Work to be completed:
This exercise asks for an exact copy of every entry below, with pictures omitted.

++++ Information ++++

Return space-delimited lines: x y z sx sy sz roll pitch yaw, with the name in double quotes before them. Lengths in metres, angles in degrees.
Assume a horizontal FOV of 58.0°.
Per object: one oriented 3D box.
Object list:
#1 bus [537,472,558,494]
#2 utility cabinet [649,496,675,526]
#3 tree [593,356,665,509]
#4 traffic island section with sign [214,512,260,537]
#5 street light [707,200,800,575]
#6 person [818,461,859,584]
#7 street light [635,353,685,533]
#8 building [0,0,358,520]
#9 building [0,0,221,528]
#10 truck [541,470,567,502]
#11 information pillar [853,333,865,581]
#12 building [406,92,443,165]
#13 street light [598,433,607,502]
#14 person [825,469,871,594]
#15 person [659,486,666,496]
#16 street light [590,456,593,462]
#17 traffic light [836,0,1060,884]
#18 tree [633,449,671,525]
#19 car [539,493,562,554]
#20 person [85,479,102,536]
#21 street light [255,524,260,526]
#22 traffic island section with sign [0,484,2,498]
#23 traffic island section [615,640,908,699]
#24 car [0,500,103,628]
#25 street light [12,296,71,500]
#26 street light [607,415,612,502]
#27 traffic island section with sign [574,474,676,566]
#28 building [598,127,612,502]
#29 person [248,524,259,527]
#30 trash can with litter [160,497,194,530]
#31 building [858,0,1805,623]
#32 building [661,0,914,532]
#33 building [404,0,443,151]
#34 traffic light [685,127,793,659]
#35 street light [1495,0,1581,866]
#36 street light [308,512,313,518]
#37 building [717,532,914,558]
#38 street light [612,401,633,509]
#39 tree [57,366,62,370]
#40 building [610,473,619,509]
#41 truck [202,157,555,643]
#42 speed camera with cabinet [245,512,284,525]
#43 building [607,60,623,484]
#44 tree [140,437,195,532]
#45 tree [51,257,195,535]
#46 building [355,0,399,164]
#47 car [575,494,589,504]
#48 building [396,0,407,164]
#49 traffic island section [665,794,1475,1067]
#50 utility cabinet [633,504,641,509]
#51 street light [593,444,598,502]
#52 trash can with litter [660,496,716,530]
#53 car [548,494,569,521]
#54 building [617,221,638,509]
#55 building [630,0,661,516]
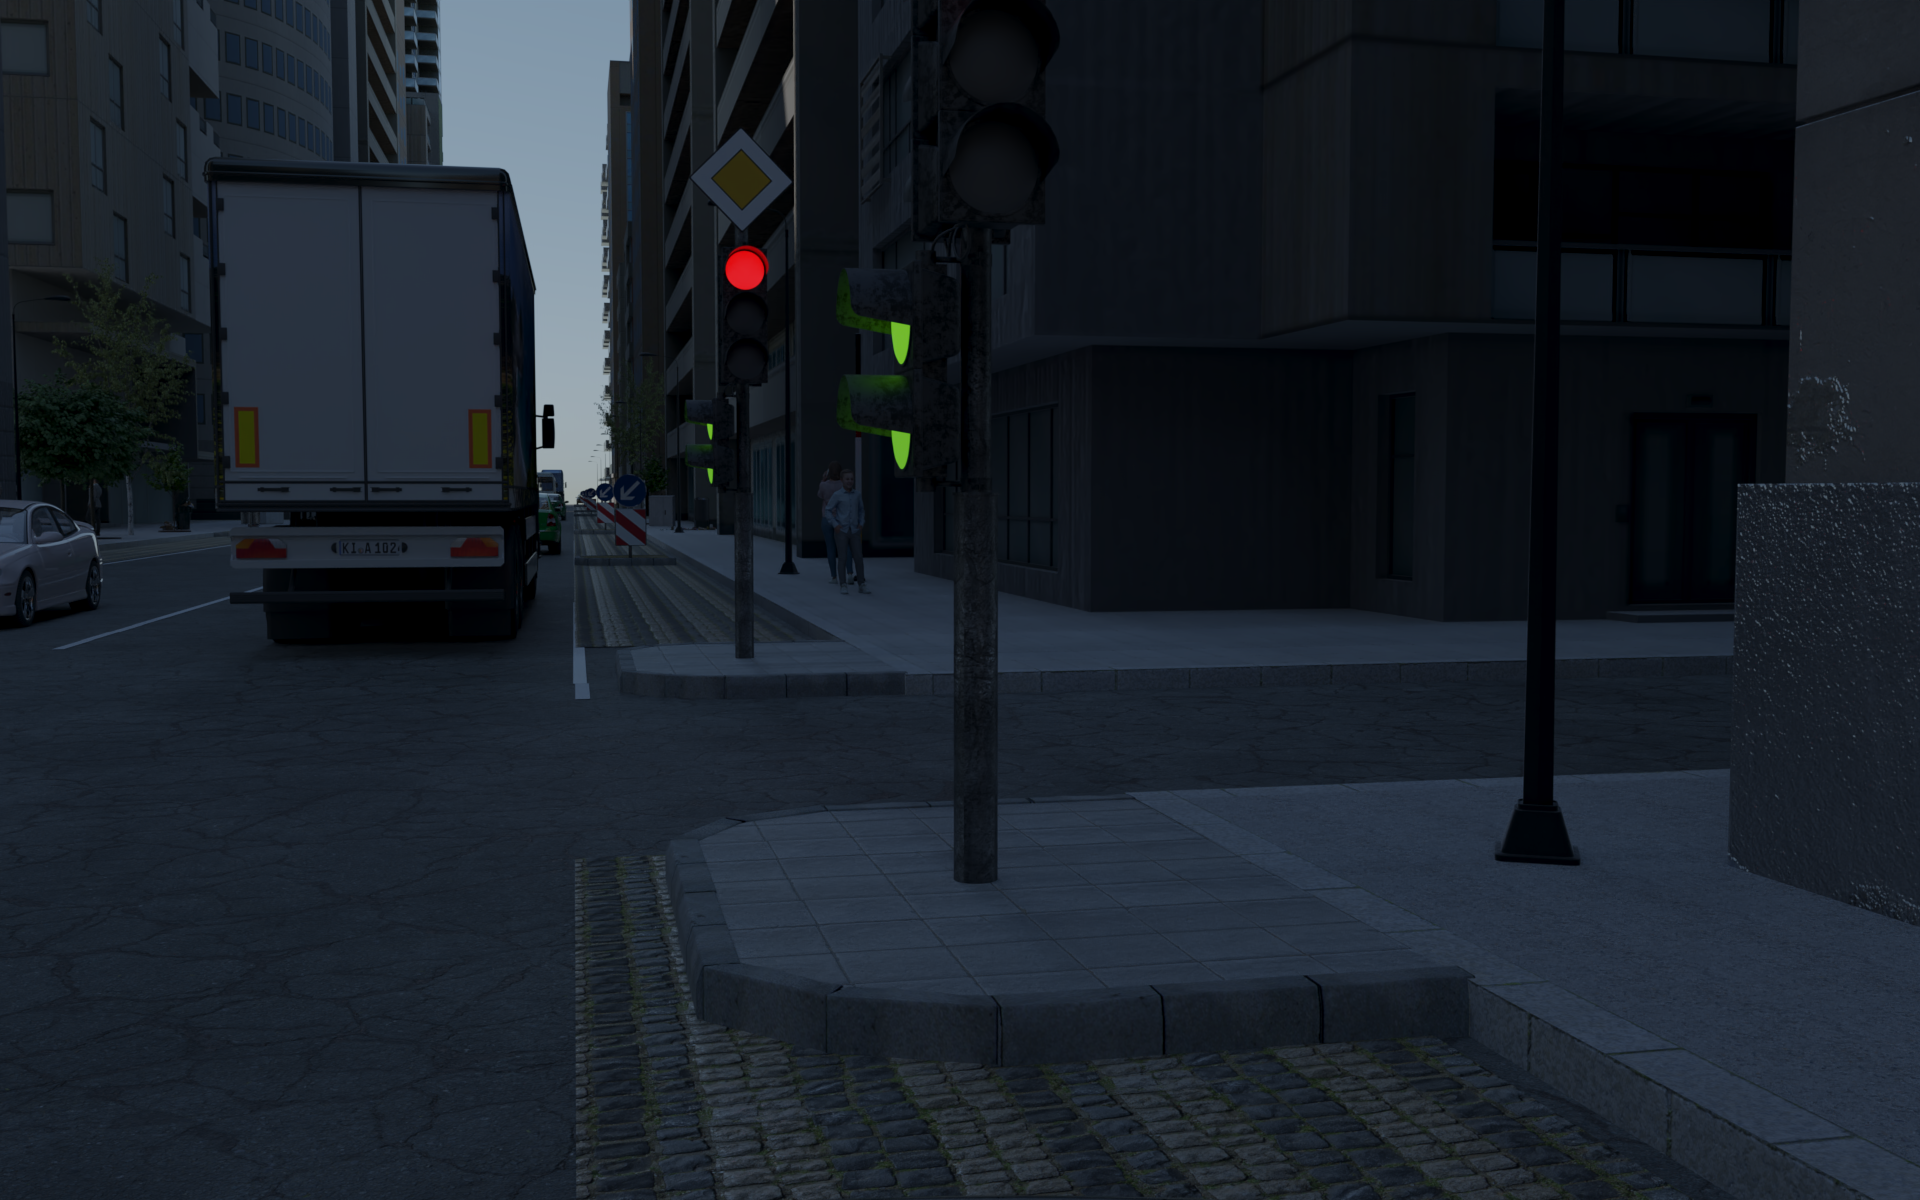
"bus" -36.706 -9.583 151.542 2.948 3.499 13.247 -1 4 -13
"utility cabinet" -11.883 -3.543 69.082 1.020 1.237 0.306 1 4 13
"tree" -17.017 -8.643 91.668 4.737 8.622 4.395 0 3 0
"traffic island section with sign" -24.096 -3.065 58.748 1.989 1.847 2.006 -1 4 -13
"street light" -3.274 -3.360 27.470 1.470 5.913 1.316 -1 4 -13
"person" -1.717 -1.102 24.653 0.593 1.750 0.643 0 4 -8
"street light" -9.840 -5.174 57.130 1.470 5.913 1.316 -1 4 -13
"building" -45.586 -33.771 94.161 21.231 58.520 28.212 -1 4 -13
"building" -44.506 -29.106 65.128 28.713 52.752 27.495 -1 4 -13
"truck" -43.513 -11.885 184.081 2.967 4.110 18.799 -1 4 -11
"information pillar" -1.501 -2.092 25.553 0.183 3.616 0.504 0 4 -4
"building" -58.313 -29.763 170.227 14.154 41.232 14.086 -1 4 -13
"street light" -26.674 -9.765 132.197 1.470 5.913 1.316 -1 4 -13
"person" -1.445 -0.882 22.282 0.589 1.601 0.330 -1 4 -19
"person" -15.813 -5.330 93.204 1.348 1.823 0.705 3 5 42
"street light" -37.833 -12.824 182.216 1.470 5.913 1.316 -1 4 -13
"traffic light" 0.033 -1.023 5.651 0.839 4.253 0.868 -1 4 -13
"tree" -13.029 -4.804 73.139 1.663 3.219 1.824 0 3 0
"car" -10.673 -2.044 42.211 1.959 1.807 4.718 -1 4 -14
"person" -26.552 -2.865 53.061 0.473 1.802 0.592 1 4 9
"street light" -28.209 -5.993 70.528 1.470 5.913 1.316 -1 4 -13
"traffic island section with sign" -18.093 -1.421 31.854 1.989 1.847 2.006 -1 4 -13
"traffic island section" -1.664 0.533 13.568 2.009 0.180 2.903 -1 4 -13
"car" -11.263 -0.458 19.858 2.083 1.381 4.827 -1 4 -13
"street light" -21.514 -4.162 40.591 1.470 5.913 1.316 -1 4 -13
"street light" -19.849 -7.915 101.948 1.470 5.913 1.316 -1 4 -13
"traffic island section with sign" -6.852 -1.630 35.285 1.989 1.847 2.006 -1 4 -13
"building" -36.120 -37.343 230.168 23.786 49.044 30.456 -1 4 -13
"person" -27.808 -3.772 67.904 0.419 1.800 0.721 -3 4 -36
"trash can with litter" -27.925 -3.080 61.742 0.624 1.170 1.055 3 5 44
"building" 6.561 -20.691 21.899 14.086 41.232 14.154 -1 4 -13
"building" -1.555 -27.569 74.449 21.300 48.544 21.600 -1 4 -13
"building" -67.234 -53.658 189.986 22.319 86.520 31.000 -1 4 -13
"traffic light" -1.705 -1.500 13.445 0.839 4.253 0.868 -1 4 -13
"street light" 1.515 -2.037 5.849 1.470 5.913 1.316 -1 4 -13
"street light" -31.709 -6.935 85.923 1.470 5.913 1.316 -1 4 -13
"building" 4.959 -25.806 45.628 21.300 48.544 21.600 -1 4 -13
"street light" -16.536 -6.988 86.802 1.470 5.913 1.316 -1 4 -13
"tree" -23.215 -3.729 44.679 4.285 4.588 4.351 0 3 0
"building" -14.496 -28.187 152.734 32.217 40.220 23.993 -1 4 -13
"truck" -6.238 -1.910 20.144 2.839 4.237 11.283 -1 4 -12
"speed camera with cabinet" -29.739 -4.840 73.472 0.660 3.252 2.038 2 4 28
"building" -28.771 -32.266 177.652 14.600 45.320 14.200 -1 4 -13
"tree" -26.543 -3.906 58.472 1.663 3.219 1.824 0 3 0
"tree" -25.832 -6.322 53.719 4.737 8.622 4.395 0 3 0
"building" -50.901 -30.337 119.706 21.300 48.544 21.600 -1 4 -13
"car" -51.477 -13.860 236.396 2.009 1.686 4.222 -1 4 -12
"building" -51.779 -29.835 137.914 14.600 45.320 14.200 -1 4 -13
"traffic island section" 0.075 1.010 5.774 2.009 0.180 2.903 -1 4 -13
"utility cabinet" -15.444 -4.383 82.824 0.306 1.237 1.020 -1 4 -16
"street light" -33.250 -11.579 161.855 1.470 5.913 1.316 -1 4 -13
"trash can with litter" -9.599 -3.096 61.674 2.233 1.210 1.678 -1 4 -17
"car" -22.525 -5.084 94.928 2.131 1.459 4.920 -1 4 -12
"building" -10.635 -17.242 126.939 27.650 21.520 28.899 -1 4 -13
"building" -12.295 -27.698 102.965 14.600 45.320 14.200 -1 4 -13

++++

Completed exercise:
Return space-delimited lines: x y z sx sy sz roll pitch yaw, with the name in double quotes before them. Lengths in metres, angles in degrees.
Assume a horizontal FOV of 58.0°.
Per object: one oriented 3D box.
Object list:
#1 bus [537,472,558,494]
#2 utility cabinet [649,496,675,526]
#3 tree [593,356,665,509]
#4 traffic island section with sign [214,512,260,537]
#5 street light [707,200,800,575]
#6 person [818,461,859,584]
#7 street light [635,353,685,533]
#8 building [0,0,358,520]
#9 building [0,0,221,528]
#10 truck [541,470,567,502]
#11 information pillar [853,333,865,581]
#12 building [406,92,443,165]
#13 street light [598,433,607,502]
#14 person [825,469,871,594]
#15 person [659,486,666,496]
#16 street light [590,456,593,462]
#17 traffic light [836,0,1060,884]
#18 tree [633,449,671,525]
#19 car [539,493,562,554]
#20 person [85,479,102,536]
#21 street light [255,524,260,526]
#22 traffic island section with sign [0,484,2,498]
#23 traffic island section [615,640,908,699]
#24 car [0,500,103,628]
#25 street light [12,296,71,500]
#26 street light [607,415,612,502]
#27 traffic island section with sign [574,474,676,566]
#28 building [598,127,612,502]
#29 person [248,524,259,527]
#30 trash can with litter [160,497,194,530]
#31 building [858,0,1805,623]
#32 building [661,0,914,532]
#33 building [404,0,443,151]
#34 traffic light [685,127,793,659]
#35 street light [1495,0,1581,866]
#36 street light [308,512,313,518]
#37 building [717,532,914,558]
#38 street light [612,401,633,509]
#39 tree [57,366,62,370]
#40 building [610,473,619,509]
#41 truck [202,157,555,643]
#42 speed camera with cabinet [245,512,284,525]
#43 building [607,60,623,484]
#44 tree [140,437,195,532]
#45 tree [51,257,195,535]
#46 building [355,0,399,164]
#47 car [575,494,589,504]
#48 building [396,0,407,164]
#49 traffic island section [665,794,1475,1067]
#50 utility cabinet [633,504,641,509]
#51 street light [593,444,598,502]
#52 trash can with litter [660,496,716,530]
#53 car [548,494,569,521]
#54 building [617,221,638,509]
#55 building [630,0,661,516]
"bus" -36.706 -9.583 151.542 2.948 3.499 13.247 -1 4 -13
"utility cabinet" -11.883 -3.543 69.082 1.020 1.237 0.306 1 4 13
"tree" -17.017 -8.643 91.668 4.737 8.622 4.395 0 3 0
"traffic island section with sign" -24.096 -3.065 58.748 1.989 1.847 2.006 -1 4 -13
"street light" -3.274 -3.360 27.470 1.470 5.913 1.316 -1 4 -13
"person" -1.717 -1.102 24.653 0.593 1.750 0.643 0 4 -8
"street light" -9.840 -5.174 57.130 1.470 5.913 1.316 -1 4 -13
"building" -45.586 -33.771 94.161 21.231 58.520 28.212 -1 4 -13
"building" -44.506 -29.106 65.128 28.713 52.752 27.495 -1 4 -13
"truck" -43.513 -11.885 184.081 2.967 4.110 18.799 -1 4 -11
"information pillar" -1.501 -2.092 25.553 0.183 3.616 0.504 0 4 -4
"building" -58.313 -29.763 170.227 14.154 41.232 14.086 -1 4 -13
"street light" -26.674 -9.765 132.197 1.470 5.913 1.316 -1 4 -13
"person" -1.445 -0.882 22.282 0.589 1.601 0.330 -1 4 -19
"person" -15.813 -5.330 93.204 1.348 1.823 0.705 3 5 42
"street light" -37.833 -12.824 182.216 1.470 5.913 1.316 -1 4 -13
"traffic light" 0.033 -1.023 5.651 0.839 4.253 0.868 -1 4 -13
"tree" -13.029 -4.804 73.139 1.663 3.219 1.824 0 3 0
"car" -10.673 -2.044 42.211 1.959 1.807 4.718 -1 4 -14
"person" -26.552 -2.865 53.061 0.473 1.802 0.592 1 4 9
"street light" -28.209 -5.993 70.528 1.470 5.913 1.316 -1 4 -13
"traffic island section with sign" -18.093 -1.421 31.854 1.989 1.847 2.006 -1 4 -13
"traffic island section" -1.664 0.533 13.568 2.009 0.180 2.903 -1 4 -13
"car" -11.263 -0.458 19.858 2.083 1.381 4.827 -1 4 -13
"street light" -21.514 -4.162 40.591 1.470 5.913 1.316 -1 4 -13
"street light" -19.849 -7.915 101.948 1.470 5.913 1.316 -1 4 -13
"traffic island section with sign" -6.852 -1.630 35.285 1.989 1.847 2.006 -1 4 -13
"building" -36.120 -37.343 230.168 23.786 49.044 30.456 -1 4 -13
"person" -27.808 -3.772 67.904 0.419 1.800 0.721 -3 4 -36
"trash can with litter" -27.925 -3.080 61.742 0.624 1.170 1.055 3 5 44
"building" 6.561 -20.691 21.899 14.086 41.232 14.154 -1 4 -13
"building" -1.555 -27.569 74.449 21.300 48.544 21.600 -1 4 -13
"building" -67.234 -53.658 189.986 22.319 86.520 31.000 -1 4 -13
"traffic light" -1.705 -1.500 13.445 0.839 4.253 0.868 -1 4 -13
"street light" 1.515 -2.037 5.849 1.470 5.913 1.316 -1 4 -13
"street light" -31.709 -6.935 85.923 1.470 5.913 1.316 -1 4 -13
"building" 4.959 -25.806 45.628 21.300 48.544 21.600 -1 4 -13
"street light" -16.536 -6.988 86.802 1.470 5.913 1.316 -1 4 -13
"tree" -23.215 -3.729 44.679 4.285 4.588 4.351 0 3 0
"building" -14.496 -28.187 152.734 32.217 40.220 23.993 -1 4 -13
"truck" -6.238 -1.910 20.144 2.839 4.237 11.283 -1 4 -12
"speed camera with cabinet" -29.739 -4.840 73.472 0.660 3.252 2.038 2 4 28
"building" -28.771 -32.266 177.652 14.600 45.320 14.200 -1 4 -13
"tree" -26.543 -3.906 58.472 1.663 3.219 1.824 0 3 0
"tree" -25.832 -6.322 53.719 4.737 8.622 4.395 0 3 0
"building" -50.901 -30.337 119.706 21.300 48.544 21.600 -1 4 -13
"car" -51.477 -13.860 236.396 2.009 1.686 4.222 -1 4 -12
"building" -51.779 -29.835 137.914 14.600 45.320 14.200 -1 4 -13
"traffic island section" 0.075 1.010 5.774 2.009 0.180 2.903 -1 4 -13
"utility cabinet" -15.444 -4.383 82.824 0.306 1.237 1.020 -1 4 -16
"street light" -33.250 -11.579 161.855 1.470 5.913 1.316 -1 4 -13
"trash can with litter" -9.599 -3.096 61.674 2.233 1.210 1.678 -1 4 -17
"car" -22.525 -5.084 94.928 2.131 1.459 4.920 -1 4 -12
"building" -10.635 -17.242 126.939 27.650 21.520 28.899 -1 4 -13
"building" -12.295 -27.698 102.965 14.600 45.320 14.200 -1 4 -13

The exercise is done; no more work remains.